Today, the capability to translate queries and results on the fly produces mediocre outcomes and is not widely available.

But what if our GPT would accept user queries in any language and would respond in the same language with our content, translated on the fly, for the user, and contextualized as part of the chat?

Well, there’s no what-if. It’s already there. Without doing anything.

Here’s all the content of Synthetic Work unlocked, for example, for the Italian audience:

The implications of this are enormous. If we can figure out how to address the hallucinations problem, this approach to search is orders of magnitude better than the Google one. But even without addressing the hallucinations problem, you can imagine a million of little search engines independently created by organizations all around the world to unlock their content for their specific audience.

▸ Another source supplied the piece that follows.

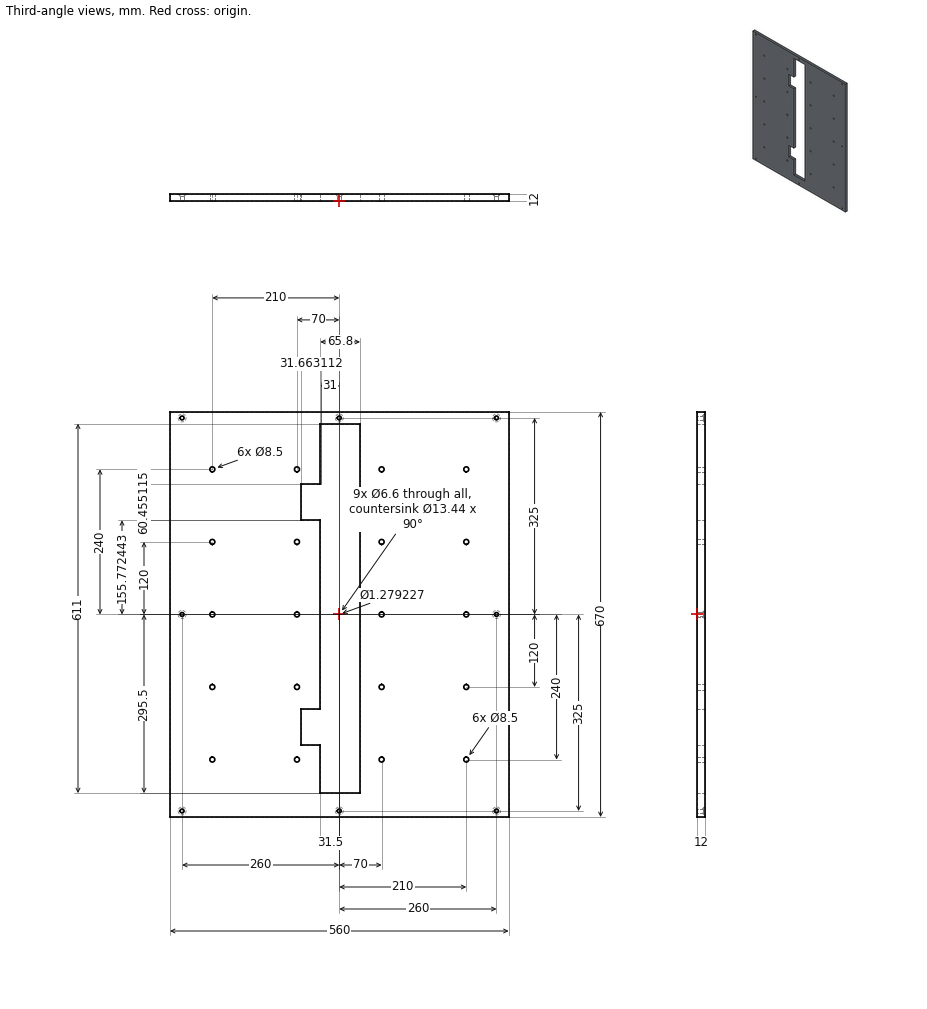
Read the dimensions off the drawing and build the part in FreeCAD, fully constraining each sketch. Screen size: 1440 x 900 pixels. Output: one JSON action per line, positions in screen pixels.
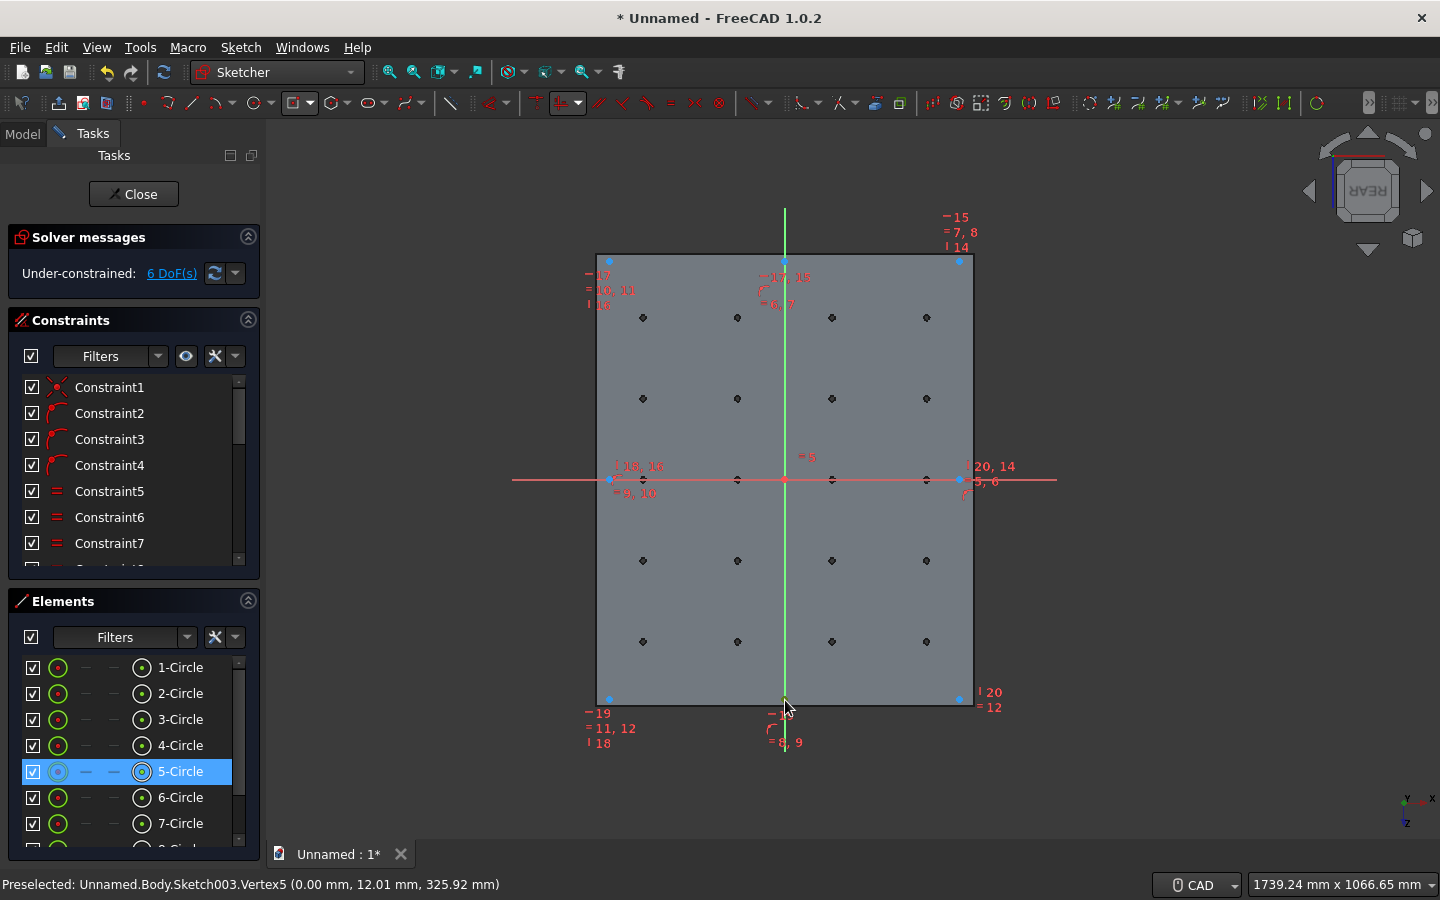
{"action": "left_click", "coordinate": [960, 700]}

What’s the expression? Death by a thousand cuts?

And then, perhaps, all these little AI search engines could talk to each other? They simulate humans, no? So, maybe they could call each other on the phone when they need to know something?

Google tried for a decade to enter the enterprise market, building and selling appliances that companies could deploy internally to search their content. It never worked. And now we have this, which tackles the problem from a completely different angle, in a much, much simpler way.

I am sure that many executives at Google are losing their sleep over this.

Now, before closing, a few words about the privacy of this next-gen search engine.

  1. I have no way of knowing who is using it among the members of Synthetic Work.
  2. Differently from a traditional search engine, I don’t even know what people are searching for. Which is not great for me because I can’t use the information to refocus the content I publish, if necessary.
  3. I disabled a little flag in the configuration of custom GPTs called “Use conversation data in your GPT to improve our models”

So. Go, give it a try and let me know what you think about it:

In the coming days and weeks, I’ll refine the Instructions of this GPT based on your feedback and will try to embed it in the Synthetic Work main website.